[Data entries]
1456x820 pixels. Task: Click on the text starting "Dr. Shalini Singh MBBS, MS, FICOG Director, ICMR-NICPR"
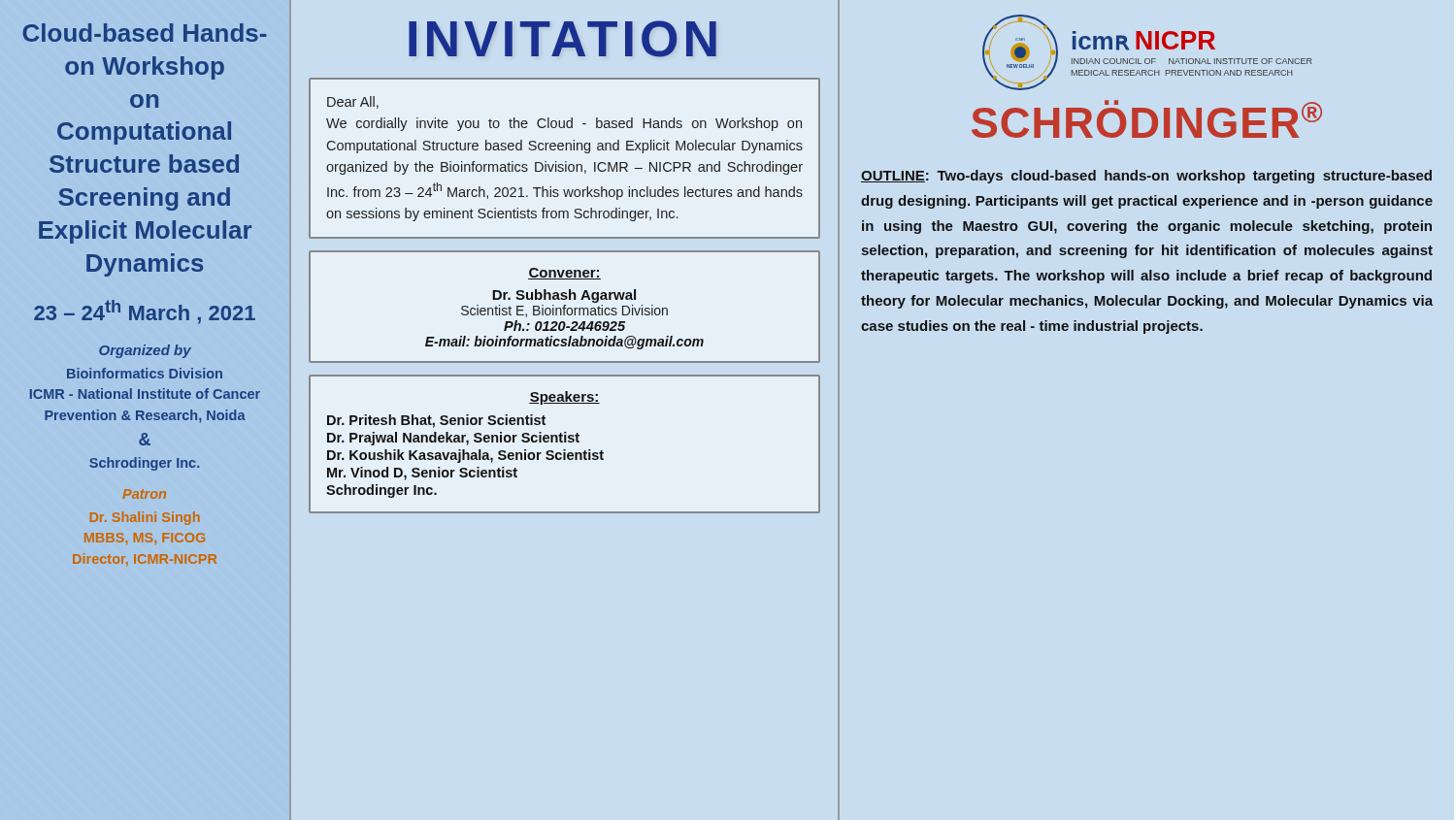(x=145, y=538)

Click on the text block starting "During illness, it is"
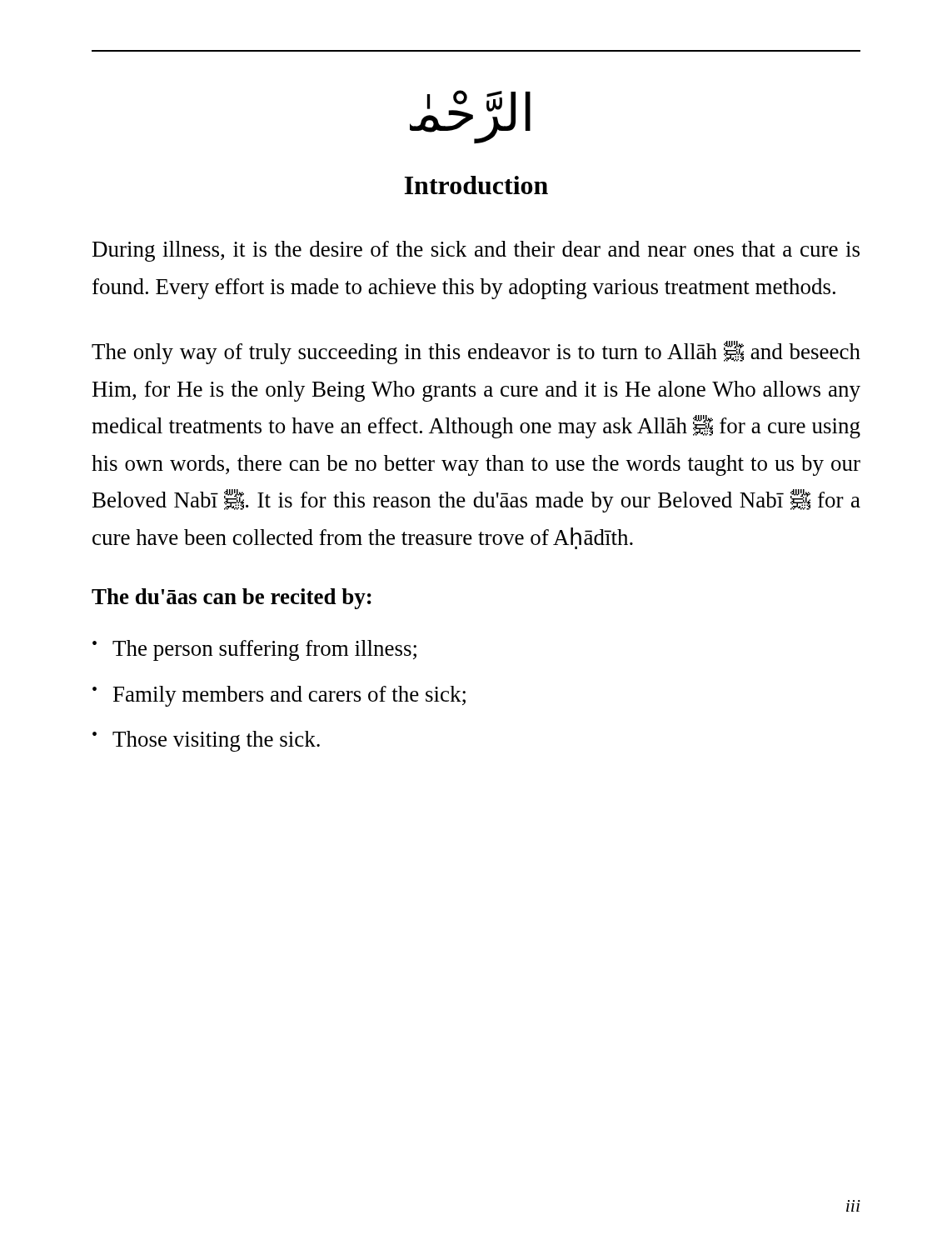476,268
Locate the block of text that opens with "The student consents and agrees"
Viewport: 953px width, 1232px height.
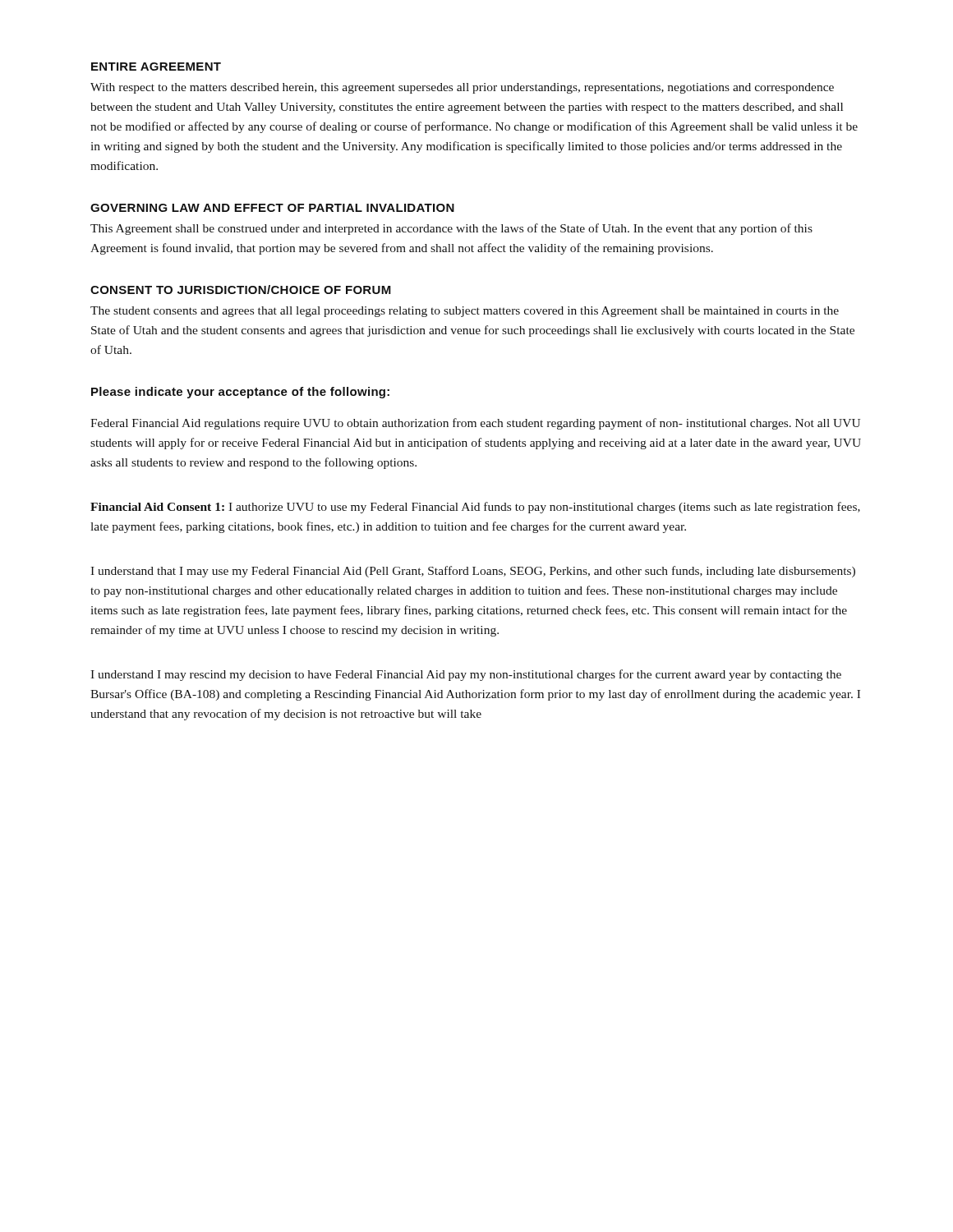pyautogui.click(x=473, y=330)
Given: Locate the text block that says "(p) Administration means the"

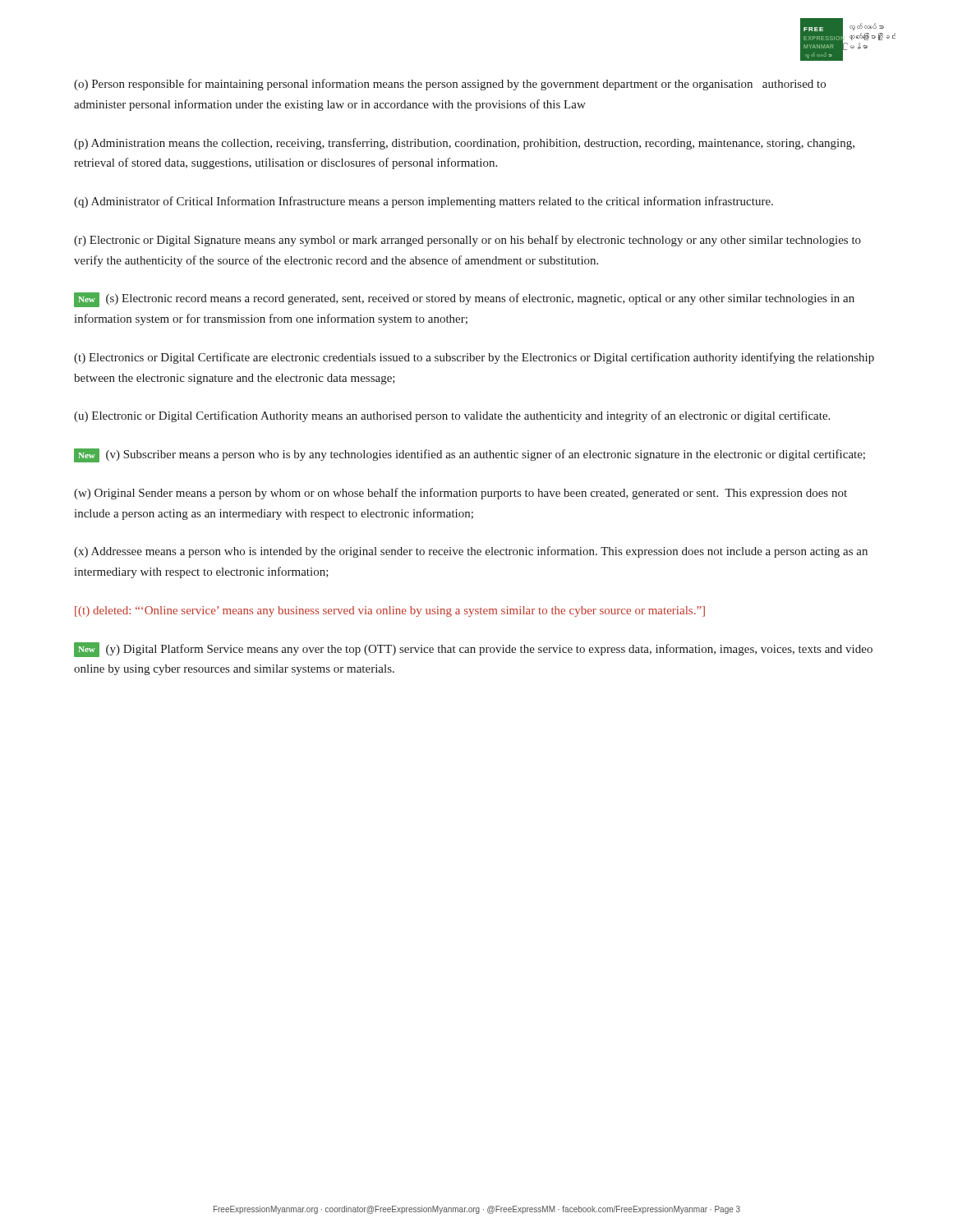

WORK INSTRUCTIONS –
Determine how many lines in the data contain the string "that", and give the number only.

RESPONSE AREA –
2